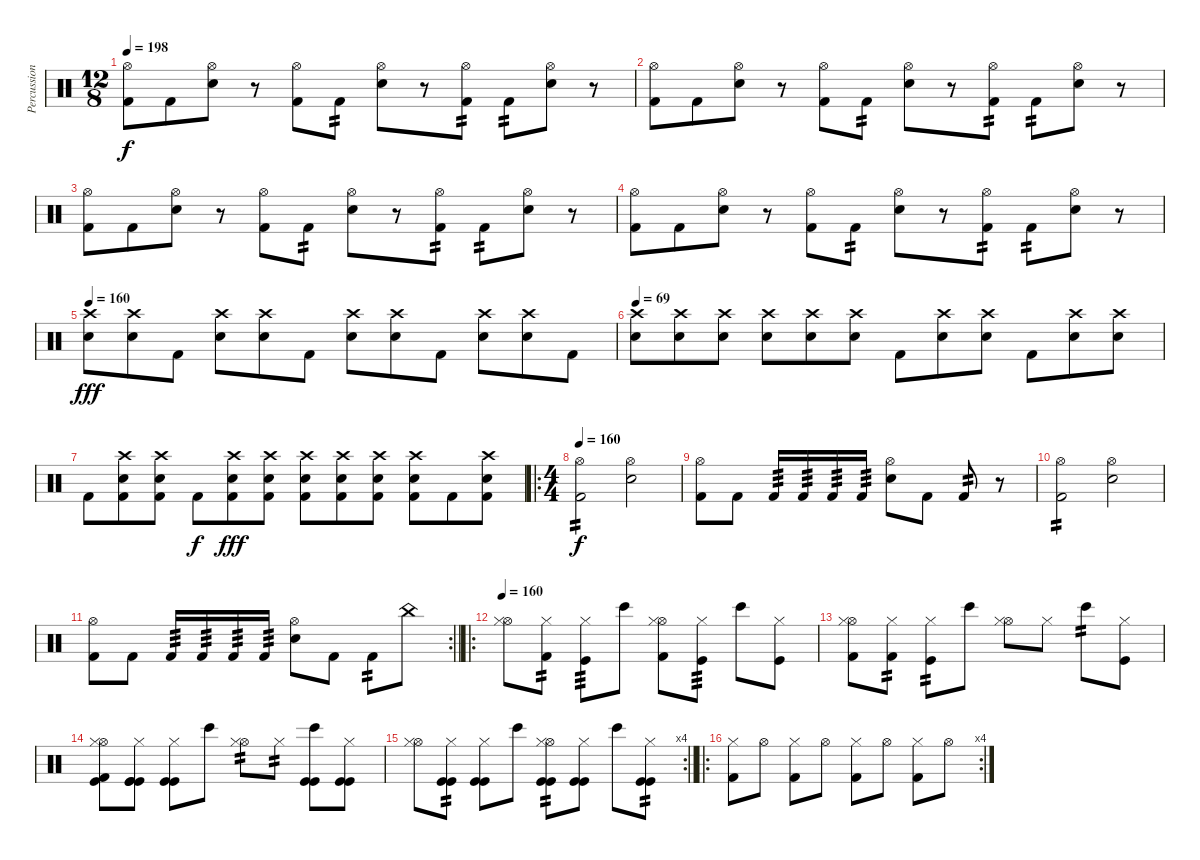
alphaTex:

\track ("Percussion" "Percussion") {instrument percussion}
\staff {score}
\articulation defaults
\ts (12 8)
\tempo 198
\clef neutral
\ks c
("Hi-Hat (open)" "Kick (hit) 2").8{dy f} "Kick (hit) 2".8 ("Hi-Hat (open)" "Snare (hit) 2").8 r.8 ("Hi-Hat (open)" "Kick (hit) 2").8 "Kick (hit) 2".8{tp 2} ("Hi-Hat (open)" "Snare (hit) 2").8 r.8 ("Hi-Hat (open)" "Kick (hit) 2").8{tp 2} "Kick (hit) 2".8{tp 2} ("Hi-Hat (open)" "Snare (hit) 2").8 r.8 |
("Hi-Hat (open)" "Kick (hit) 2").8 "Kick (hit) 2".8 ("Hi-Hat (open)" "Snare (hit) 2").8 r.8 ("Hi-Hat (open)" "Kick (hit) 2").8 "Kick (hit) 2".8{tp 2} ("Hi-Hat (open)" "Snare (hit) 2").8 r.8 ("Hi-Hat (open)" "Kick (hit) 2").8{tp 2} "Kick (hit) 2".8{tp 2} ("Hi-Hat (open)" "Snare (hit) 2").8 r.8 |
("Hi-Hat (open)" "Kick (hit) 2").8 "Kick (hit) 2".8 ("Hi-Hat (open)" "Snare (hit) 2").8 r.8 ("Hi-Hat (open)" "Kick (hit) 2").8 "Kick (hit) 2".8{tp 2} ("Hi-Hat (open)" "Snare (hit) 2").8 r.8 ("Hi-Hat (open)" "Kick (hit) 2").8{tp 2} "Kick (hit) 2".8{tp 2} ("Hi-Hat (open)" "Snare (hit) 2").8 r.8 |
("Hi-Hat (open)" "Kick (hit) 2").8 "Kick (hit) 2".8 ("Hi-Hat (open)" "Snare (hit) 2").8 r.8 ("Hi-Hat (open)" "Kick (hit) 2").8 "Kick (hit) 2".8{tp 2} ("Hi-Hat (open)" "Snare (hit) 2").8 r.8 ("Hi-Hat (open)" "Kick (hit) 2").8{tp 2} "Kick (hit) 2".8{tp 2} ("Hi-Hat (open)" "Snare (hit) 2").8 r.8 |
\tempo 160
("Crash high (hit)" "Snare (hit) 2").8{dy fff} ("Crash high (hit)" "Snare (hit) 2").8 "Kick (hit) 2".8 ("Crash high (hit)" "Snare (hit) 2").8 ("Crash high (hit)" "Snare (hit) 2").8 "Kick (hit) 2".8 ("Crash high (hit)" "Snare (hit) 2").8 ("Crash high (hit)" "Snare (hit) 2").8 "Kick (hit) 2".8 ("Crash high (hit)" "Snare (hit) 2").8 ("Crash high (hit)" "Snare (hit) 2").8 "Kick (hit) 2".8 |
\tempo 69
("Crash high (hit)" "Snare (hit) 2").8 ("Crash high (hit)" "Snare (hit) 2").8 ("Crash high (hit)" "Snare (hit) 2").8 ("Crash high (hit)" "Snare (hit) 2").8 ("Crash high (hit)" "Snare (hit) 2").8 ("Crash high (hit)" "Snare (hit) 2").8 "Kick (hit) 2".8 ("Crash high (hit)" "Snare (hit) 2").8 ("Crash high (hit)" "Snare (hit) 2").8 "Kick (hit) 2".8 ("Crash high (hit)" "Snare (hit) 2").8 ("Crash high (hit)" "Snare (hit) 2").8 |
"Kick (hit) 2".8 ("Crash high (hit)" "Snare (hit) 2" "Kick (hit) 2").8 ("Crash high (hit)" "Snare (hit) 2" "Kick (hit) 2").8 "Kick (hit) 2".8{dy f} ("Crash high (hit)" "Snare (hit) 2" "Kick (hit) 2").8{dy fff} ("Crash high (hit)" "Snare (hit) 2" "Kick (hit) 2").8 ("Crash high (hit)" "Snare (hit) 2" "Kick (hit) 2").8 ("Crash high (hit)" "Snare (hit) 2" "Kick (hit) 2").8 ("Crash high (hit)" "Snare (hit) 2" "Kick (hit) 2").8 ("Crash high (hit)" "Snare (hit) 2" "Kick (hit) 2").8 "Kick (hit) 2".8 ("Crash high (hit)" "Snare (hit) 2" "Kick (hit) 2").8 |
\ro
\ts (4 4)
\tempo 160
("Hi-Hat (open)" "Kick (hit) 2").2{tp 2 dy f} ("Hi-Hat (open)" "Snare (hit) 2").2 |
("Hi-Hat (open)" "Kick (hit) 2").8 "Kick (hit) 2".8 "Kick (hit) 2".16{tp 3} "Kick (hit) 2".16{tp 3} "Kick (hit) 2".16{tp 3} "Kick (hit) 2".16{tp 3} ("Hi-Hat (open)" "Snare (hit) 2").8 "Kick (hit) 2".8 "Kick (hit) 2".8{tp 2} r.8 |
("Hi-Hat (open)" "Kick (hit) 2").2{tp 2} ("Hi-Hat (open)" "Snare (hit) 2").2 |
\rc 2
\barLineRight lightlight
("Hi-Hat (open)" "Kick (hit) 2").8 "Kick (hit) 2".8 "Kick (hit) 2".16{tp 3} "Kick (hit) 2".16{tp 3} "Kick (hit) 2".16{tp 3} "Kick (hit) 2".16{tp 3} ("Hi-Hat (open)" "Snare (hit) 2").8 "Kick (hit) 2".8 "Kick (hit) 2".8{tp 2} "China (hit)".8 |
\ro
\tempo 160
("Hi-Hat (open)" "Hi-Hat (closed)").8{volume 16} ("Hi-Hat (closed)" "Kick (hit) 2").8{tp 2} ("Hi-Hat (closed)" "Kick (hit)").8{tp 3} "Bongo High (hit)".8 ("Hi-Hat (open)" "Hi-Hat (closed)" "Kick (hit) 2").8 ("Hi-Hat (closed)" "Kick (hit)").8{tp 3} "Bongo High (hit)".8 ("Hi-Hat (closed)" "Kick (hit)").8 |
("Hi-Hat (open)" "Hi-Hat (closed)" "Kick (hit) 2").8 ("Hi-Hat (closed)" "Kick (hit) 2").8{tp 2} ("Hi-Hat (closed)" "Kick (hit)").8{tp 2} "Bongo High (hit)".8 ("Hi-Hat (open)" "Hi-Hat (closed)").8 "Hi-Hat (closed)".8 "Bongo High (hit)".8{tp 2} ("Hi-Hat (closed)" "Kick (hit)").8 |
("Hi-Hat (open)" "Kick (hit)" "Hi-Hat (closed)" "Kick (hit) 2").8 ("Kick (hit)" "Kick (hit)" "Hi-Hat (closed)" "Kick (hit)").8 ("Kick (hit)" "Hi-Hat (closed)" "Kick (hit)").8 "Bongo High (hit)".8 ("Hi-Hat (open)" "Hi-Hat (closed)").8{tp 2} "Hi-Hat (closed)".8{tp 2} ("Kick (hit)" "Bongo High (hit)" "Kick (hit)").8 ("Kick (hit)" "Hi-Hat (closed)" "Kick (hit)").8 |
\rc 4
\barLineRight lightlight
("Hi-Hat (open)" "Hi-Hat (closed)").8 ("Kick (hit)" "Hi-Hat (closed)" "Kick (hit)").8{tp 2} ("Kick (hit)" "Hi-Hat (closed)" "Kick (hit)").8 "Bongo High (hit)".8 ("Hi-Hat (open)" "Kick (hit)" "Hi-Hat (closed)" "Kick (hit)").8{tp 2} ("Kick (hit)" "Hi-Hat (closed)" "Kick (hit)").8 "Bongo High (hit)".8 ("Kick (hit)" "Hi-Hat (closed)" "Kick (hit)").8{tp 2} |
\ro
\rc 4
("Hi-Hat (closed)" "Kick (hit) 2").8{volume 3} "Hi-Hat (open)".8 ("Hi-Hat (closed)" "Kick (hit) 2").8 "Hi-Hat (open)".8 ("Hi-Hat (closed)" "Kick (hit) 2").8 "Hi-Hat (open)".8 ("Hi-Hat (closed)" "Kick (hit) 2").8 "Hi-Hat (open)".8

⁂

[Work order] Find and show each line of the listing with the word "volume".

[Exercise result]
("Hi-Hat (open)" "Hi-Hat (closed)").8{volume 16} ("Hi-Hat (closed)" "Kick (hit) 2").8{tp 2} ("Hi-Hat (closed)" "Kick (hit)").8{tp 3} "Bongo High (hit)".8 ("Hi-Hat (open)" "Hi-Hat (closed)" "Kick (hit) 2").8 ("Hi-Hat (closed)" "Kick (hit)").8{tp 3} "Bongo High (hit)".8 ("Hi-Hat (closed)" "Kick (hit)").8 |
("Hi-Hat (closed)" "Kick (hit) 2").8{volume 3} "Hi-Hat (open)".8 ("Hi-Hat (closed)" "Kick (hit) 2").8 "Hi-Hat (open)".8 ("Hi-Hat (closed)" "Kick (hit) 2").8 "Hi-Hat (open)".8 ("Hi-Hat (closed)" "Kick (hit) 2").8 "Hi-Hat (open)".8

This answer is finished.